A blog about life, language, writing, and other trivia.

Tuesday, November 18, 2008

No(u)n Rhetorics

On the syllabus for my intro to comp studies class is a set of readings called "Bodies, Spaces, and Places." The readings include such varied essays as Nedra Reynolds' "Composition's Imagined Geographies," Debbie Hawhee's "Bodily Pedagogies," and Peter Mortensen's "Reading Material." The thread that ties them all together, of course is that, in different ways, they all approach rhetoric, composition, or literacy through material frameworks.
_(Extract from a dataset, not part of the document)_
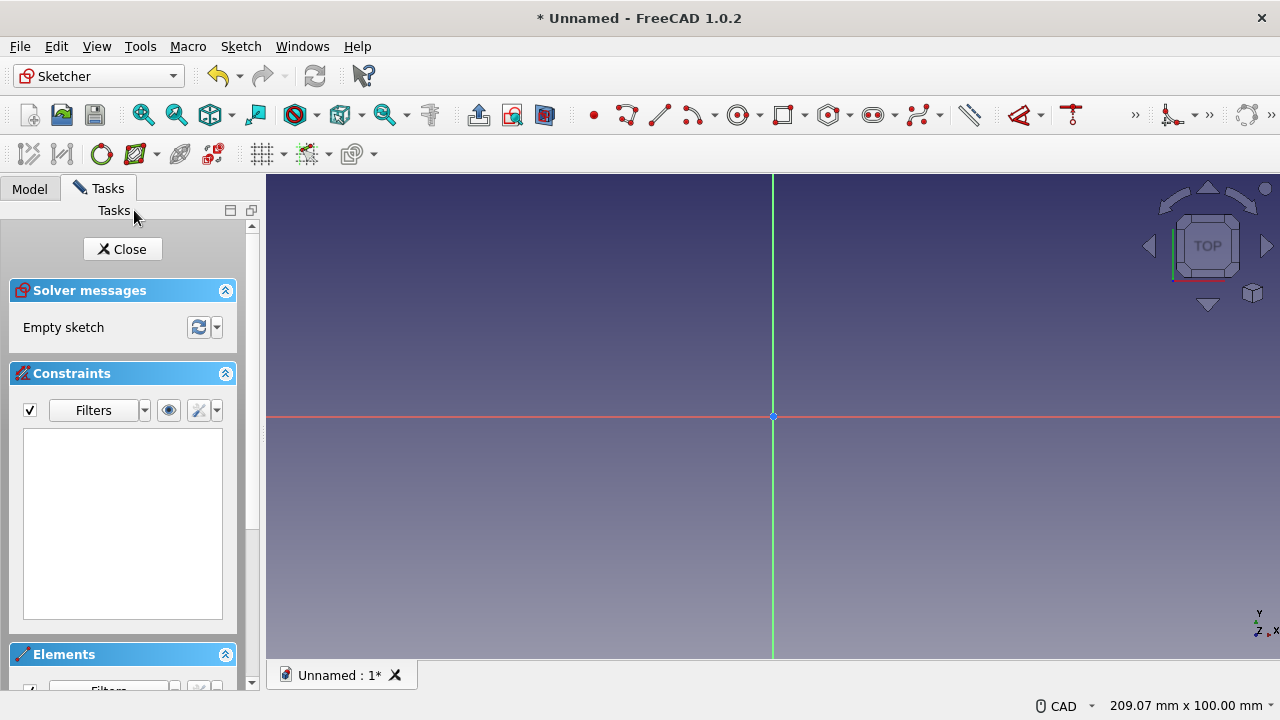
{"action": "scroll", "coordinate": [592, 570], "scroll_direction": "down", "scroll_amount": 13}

I made a conscious choice to lump embodied and spatial rhetorics together when I designed the course, and, given the course's necessarily wide-ranging content, I can live with it. But seeing my students work to forge connections, to synthesize them into something like a material rhetoric, makes me want to do a whole seminar. If I did, I might expand it to "bodies, spaces, tools, and schemata" (where "schemata" are a person's, or any complex system's, constantly-evolving internal representations of her/his/its environment that inform decision-making within that environment--they are the software to the body's or other physical system's hardware). I would then place all of the terms under a heading like "ecologies of writing." But the shorthand title might just as easily be "noun rhetorics:" rhetorics of people, places, things, and ideas.

Or, since in this framwork language is no longer the privileged term, maybe it ought to be "No(u)n Rhetorics?"